4323. hive::unique time complexity should incorporate potential block removal complexity

Section: 23.3.9.5 [hive.operations] Status: New Submitter: Matt Bentley Opened: 2025-08-24 Last modified: 2025-08-25

Priority: Not Prioritized

View all issues with New status.

Discussion:

Currently we specify for erase 23.3.9.4 [hive.modifiers] p16:

Complexity: Linear in the number of elements erased. Additionally, if any active blocks become empty of elements as a result of the function call, at worst linear in the number of element blocks.

This is to allow for potential hive implementations as vectors of pointers to blocks, as opposed to linked-lists of blocks (reference implementation approach). In that scenario removing a block would involve a vector erasure and subsequent pointer-to-block relocations. swap-and-pop of block pointers would not work as this would re-arrange the sequence during erasure. Anyway, we have neglected to apply this same complexity to hive::unique. It would be rare that this would occur for unique, as it would involve (1) a block A with only one non-erased element left in it and (2) a block B preceding/following block A in the sequence, whose last/first element is equal to the element in block A. But it is possible, so the same consideration in terms of time complexity applies.
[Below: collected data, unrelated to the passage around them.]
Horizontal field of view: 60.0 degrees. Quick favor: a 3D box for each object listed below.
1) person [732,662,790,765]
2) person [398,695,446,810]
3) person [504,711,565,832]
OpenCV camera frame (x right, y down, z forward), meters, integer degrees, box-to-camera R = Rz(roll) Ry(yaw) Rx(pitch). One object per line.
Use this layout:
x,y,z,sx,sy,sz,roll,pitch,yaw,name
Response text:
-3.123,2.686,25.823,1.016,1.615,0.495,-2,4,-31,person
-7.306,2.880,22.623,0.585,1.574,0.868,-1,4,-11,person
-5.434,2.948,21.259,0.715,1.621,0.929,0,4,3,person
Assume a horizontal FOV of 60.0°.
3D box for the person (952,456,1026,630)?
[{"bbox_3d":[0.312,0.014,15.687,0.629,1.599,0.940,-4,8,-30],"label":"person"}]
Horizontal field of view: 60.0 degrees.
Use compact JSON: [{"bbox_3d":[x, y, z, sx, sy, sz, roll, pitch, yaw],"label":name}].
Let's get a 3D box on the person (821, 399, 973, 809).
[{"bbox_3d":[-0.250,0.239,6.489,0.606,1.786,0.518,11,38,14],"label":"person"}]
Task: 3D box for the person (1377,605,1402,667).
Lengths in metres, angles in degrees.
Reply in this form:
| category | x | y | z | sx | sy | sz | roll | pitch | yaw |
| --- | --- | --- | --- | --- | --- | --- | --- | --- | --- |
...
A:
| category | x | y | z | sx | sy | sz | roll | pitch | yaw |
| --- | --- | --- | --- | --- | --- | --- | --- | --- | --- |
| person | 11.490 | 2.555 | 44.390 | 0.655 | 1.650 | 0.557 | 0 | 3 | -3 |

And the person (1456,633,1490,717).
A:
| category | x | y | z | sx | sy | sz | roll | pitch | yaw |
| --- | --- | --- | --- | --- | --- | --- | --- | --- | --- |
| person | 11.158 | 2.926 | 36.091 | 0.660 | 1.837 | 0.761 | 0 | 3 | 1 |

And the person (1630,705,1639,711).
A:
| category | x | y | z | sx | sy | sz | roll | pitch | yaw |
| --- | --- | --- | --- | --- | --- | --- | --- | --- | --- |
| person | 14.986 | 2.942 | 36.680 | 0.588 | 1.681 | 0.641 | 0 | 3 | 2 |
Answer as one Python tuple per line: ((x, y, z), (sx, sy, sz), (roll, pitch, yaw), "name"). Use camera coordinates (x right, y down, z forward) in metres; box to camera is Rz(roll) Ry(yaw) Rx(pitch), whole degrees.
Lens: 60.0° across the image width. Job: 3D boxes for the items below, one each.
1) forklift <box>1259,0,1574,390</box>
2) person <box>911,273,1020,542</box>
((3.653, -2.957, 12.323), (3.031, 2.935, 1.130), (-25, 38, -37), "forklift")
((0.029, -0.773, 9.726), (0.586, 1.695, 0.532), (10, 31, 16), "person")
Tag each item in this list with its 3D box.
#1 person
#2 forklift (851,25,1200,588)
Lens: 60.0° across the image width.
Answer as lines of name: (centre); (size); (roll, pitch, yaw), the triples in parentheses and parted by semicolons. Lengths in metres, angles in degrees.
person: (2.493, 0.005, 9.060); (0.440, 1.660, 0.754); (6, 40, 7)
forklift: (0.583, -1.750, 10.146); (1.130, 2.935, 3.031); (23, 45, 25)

This is a separate but related issue to LWG 4320⁽ⁱ⁾, but it would affect the outcome wording of that issue for unique.

Proposed resolution:

This wording is relative to N5014.

1. Modify 23.3.9.5 [hive.operations] as indicated:

   [Drafting note: If issue LWG 4320⁽ⁱ⁾ is decided to be acted upon and the proposed solution accepted, the proposed complexity wording becomes:

   -11- Complexity: If empty() is false, exactly size() - 1 applications of the corresponding predicate, otherwise no applications of the predicate. For each element erased as a result of this function call, at worst 𝒪(log n) in the capacity of the block containing the element. Additionally, if any active blocks become empty of elements as a result of the function call, at worst linear in the number of element blocks.

   ]

   template<class BinaryPredicate = equal_to<T>>
     size_type unique(BinaryPredicate binary_pred = BinaryPredicate());
   

   -7- Preconditions: […]

   -8- Effects: […]

   -9- Returns: […]

   -10- Throws: […]

   -11- Complexity: If empty() is false, exactly size() - 1 applications of the corresponding predicate, otherwise no applications of the predicate. Additionally, if any active blocks become empty of elements as a result of the function call, at worst linear in the number of element blocks.

   -12- Remarks: […]